An extensive population density survey was conducted by the University of Indonesia on four endemic Mentawai primates. This research was exclusive to the southern Mentawai islands and included a variety of survey areas, most of which devastated by commercial logging. The results of the 2008–2009 surveys are population densities of 1.5 groups/km^{2} on the island of Sipora and 2.1 ± 0.3 groups/km^{2} on the Pagai islands with group sizes around 3 individuals. Research into population densities on the northern Mentawai island of Siberut is more abundant due to the lower mean population densities of humans living on this island as well as the considerable amount of forestry that remains in comparison to the southern Mentawai islands.
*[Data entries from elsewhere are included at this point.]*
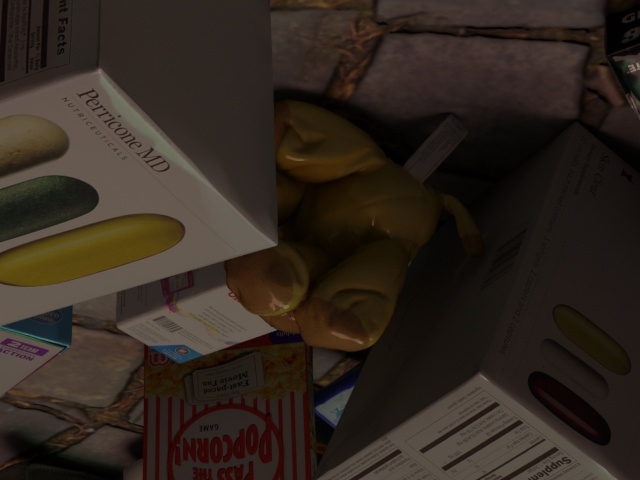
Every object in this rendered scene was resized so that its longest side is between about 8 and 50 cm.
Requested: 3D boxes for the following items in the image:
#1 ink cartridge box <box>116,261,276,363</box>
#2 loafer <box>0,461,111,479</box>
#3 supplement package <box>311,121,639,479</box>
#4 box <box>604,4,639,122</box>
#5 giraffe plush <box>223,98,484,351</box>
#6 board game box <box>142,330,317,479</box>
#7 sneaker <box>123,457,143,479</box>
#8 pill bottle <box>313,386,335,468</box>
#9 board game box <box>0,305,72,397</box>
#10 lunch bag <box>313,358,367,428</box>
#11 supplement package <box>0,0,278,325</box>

In northern Siberut researchers in the Peleonan forest conducted population density surveys from July to December 2005.  Results form these surveys show a mean density of 16.2 groups/km^{2}.

One of the main factors associated with the population decline of this species is habitat disturbance from commercial logging operations. Forestry cover varies significantly among the islands. The island of Siberut has most of its area declared as a National park whereas the southern islands of Sipora, North Pagai, and South Pagai have limited areas of forestry conservation. It is estimated that Siberut's forest cover decreased from 3,500 km^{2} to 2,400 km^{2} and the southern Mentawai islands of Sipora and Pagai have decreased from 1300 km^{2} to 300 km^{2}. The reason for Siberut's extensive forestry cover in comparison to the southern islands is due to historical conservation efforts. Much of the efforts started in the 1980s with the help of UNESCO man and the Biosphere reserve. This was expanded in the 1990s were a large portion of Siberut was declared a National Park. The declaration of this National Park allowed for hunting and logging operations to be significantly reduced; although areas around the national park still experience pressures of logging and conversions to commercial palm oil plantations through concessions and illegal activities. Many of the areas in the southern Mentawai islands have experienced heavy logging operations that have left little forestry for the Mentawai primates. Most of the forestry has now been reduced from primary forestry to secondary forestry which is troubling since the pig-tailed langur thrives in arboreal environments.

The reduction on forestry in the southern Mentawai islands creates a domino effect of paving new land for more human activities and settlement. The second main factor associated with the population decline of this species is hunting. Local inhabitants have historically used arrows and poisonous materials to hunt this species. However technological advancements of firearms have facilitated the hunting of this species, especially since it is one of the largest primates on these islands. Many local inhabitants hunt this species because it is considered a delicacy, with many locals saying it has the best tasting meat compared to other primates. Population density data suggests that an increase in hunting pressure at survey sites results in lower population densities of this primate.

==Subspecies==
- Genus Simias
  - Pig-tailed langur, Simias concolor
    - Simias concolor concolor
    - Simias concolor siberu

==Predation==
The only known predator of pig-tailed langurs are humans. Other large predators on the Mentawai Islands include crested serpent eagles and reticulated pythons, both may also prey on pig-tailed langurs.